Confira a seguir alguns passos para incrementar a proteção de dados diária. Eles valem tanto para computadores convencionais quanto para celulares e tablets.

Utilitários de segurança

Bloqueador de rastreador, antivírus, VPN e o modo de navegação anônima de navegadores de internet são algumas ferramentas úteis para preservar segurança e privacidade online.

bloqueador de rastreadores e o modo de navegação anônima são relevantes para evitar que sites tenham acesso informações sobre sua atividade virtual. Empresas e serviços digitais dependem de detalhes cada vez mais atualizados e precisos dela para aprimorar seus serviços, o que nem sempre é bom para os cidadãos.

O antivírus é uma peça fundamental para localizar e eliminar programas maliciosos em computadores e celulares. Já a VPN, ou rede privada virtual, permite uma navegação segura isolada da internet pública, o que aumenta tanto a proteção quanto a privacidade virtual.

Atenção a e-mails de instituições financeiras

Comunicações urgentes feitas pelo banco nunca podem ser descartadas como assuntos de pouca importância. Cientes da credibilidade e relevância de instituições financeiras em nossa vida, cibercriminosos frequentemente fraudam mensagens bancárias por e-mail para conseguir a atenção e a cooperação de suas vítimas.

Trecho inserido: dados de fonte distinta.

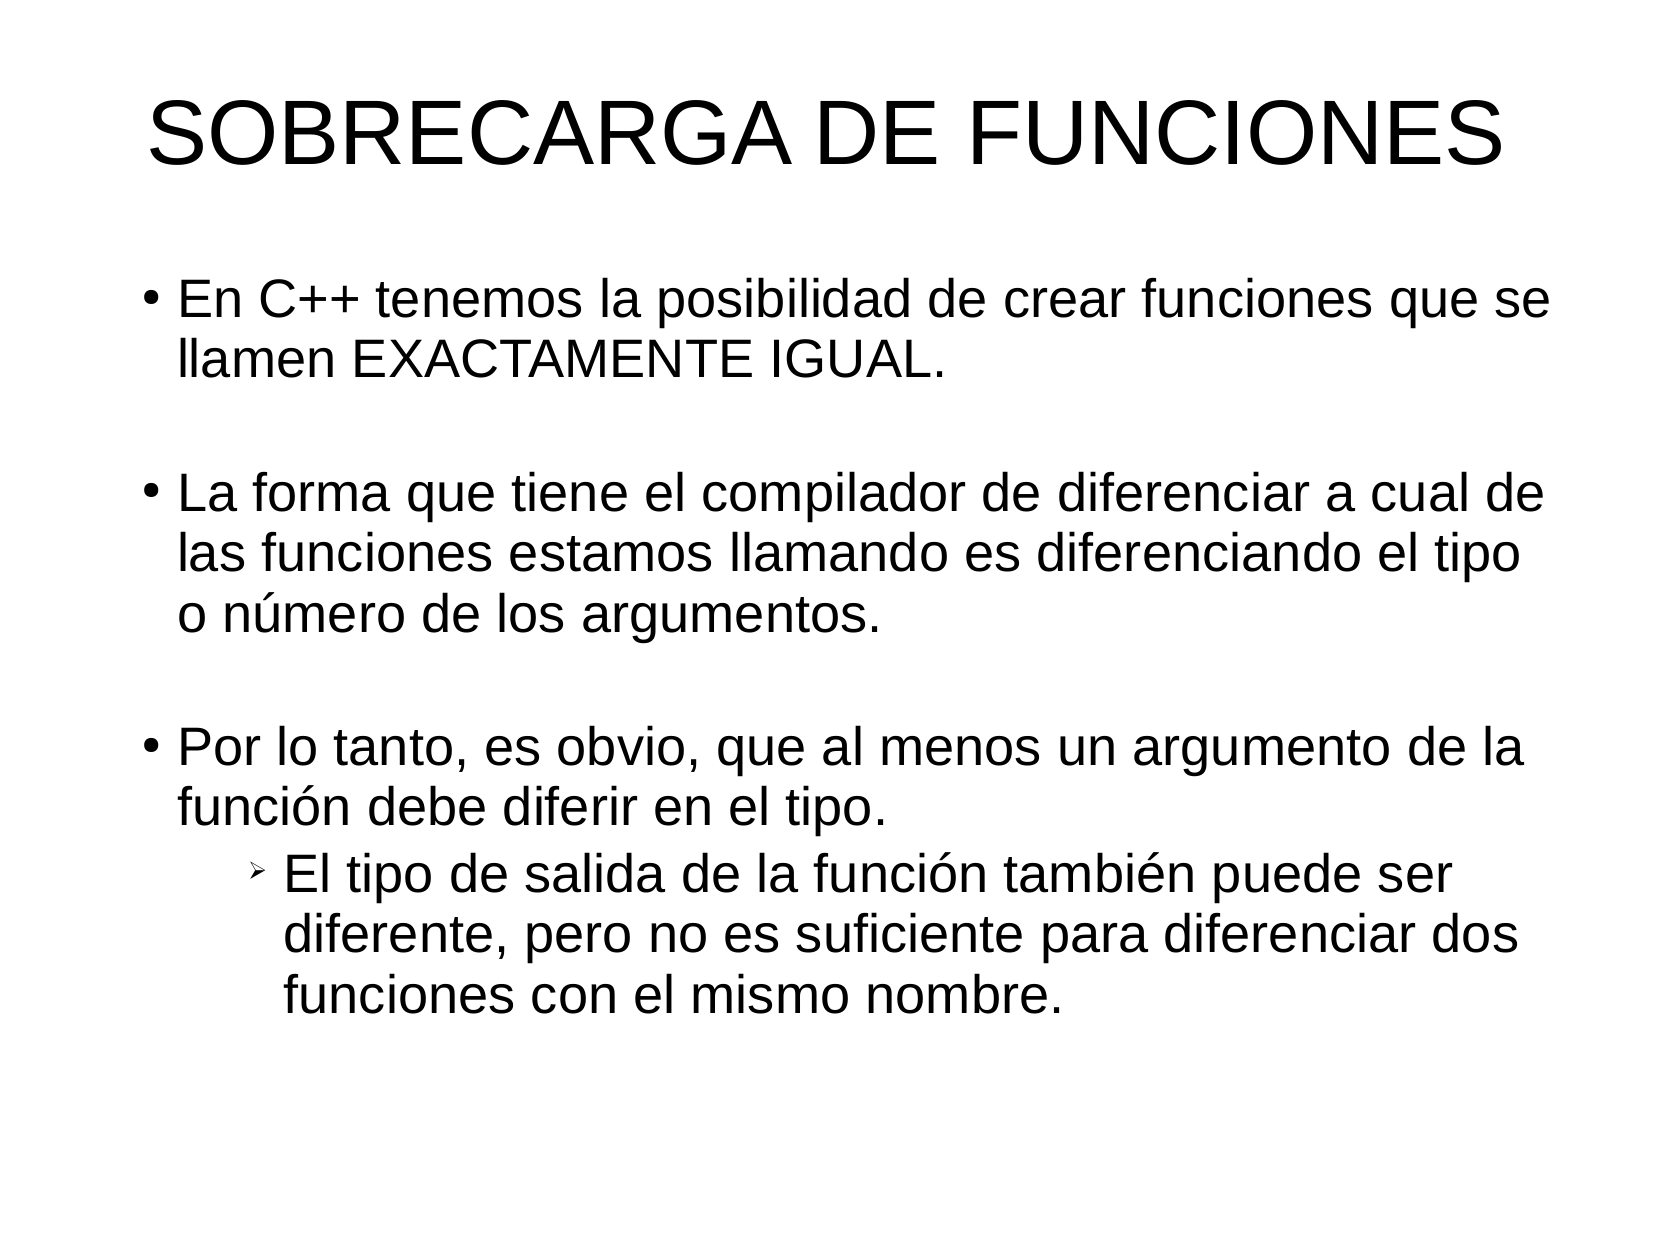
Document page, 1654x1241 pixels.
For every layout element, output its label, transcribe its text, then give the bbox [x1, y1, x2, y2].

text_box En C++ tenemos la posibilidad de crear funciones que se llamen EXACTAMENTE IGUAL. La forma que tiene el compilador de diferenciar a cual de las funciones estamos llamando es diferenciando el tipo o número de los argumentos. Por lo tanto, es obvio, que al menos un argumento de la función debe diferir en el tipo. El tipo de salida de la función también puede ser diferente, pero no es suficiente para diferenciar dos funciones con el mismo nombre. [141, 268, 1560, 1158]
title SOBRECARGA DE FUNCIONES [82, 29, 1571, 237]

No golpe chamado phishing, golpistas “pescam” pessoas incautas, enviando a elas e-mails bastante convincentes com visual e mensagem similares à de uma instituição bancária ou empresa respeitável. Clicar para abrir um link ou para ser redirecionado a partir dessas mensagens pode resultar no vazamento de dados pessoais ou no contágio por vírus.

A primeira medida para não cair nesse tipo de armação é ter consciência de que bancos não enviam mensagens importantes ou pedem confirmação de dados por e-mail. Portanto, não clique na mensagem. Se for necessário conferir algum processo bancário, acesse seu banco diretamente por um canal oficial, e jamais clicando na mensagem.

Outra precaução é sempre conferir o remetente dos e-mails. O modelo da mensagem e o design podem ser idênticos ao banco, mas se o remetente for estranho, o golpe estará desarmado.

Fuja de golpes por SMS e telefonema

Quanto mais tempo se conversa com um golpista, maior é a chance de se expor ao risco. Por isso, a atitude vigilante e intransigente que previne o phishing, mencionada no item acima, deve ser adaptada também às mensagens SMS e telefonemas.

Nunca clique em links de mensagens SMS não solicitadas ou de números desconhecidos. Jamais confirme dados pessoais ou bancários por telefone, ainda que seu interlocutor afirme ser de uma empresa conhecida ou alguém ligado a pessoa de confiança.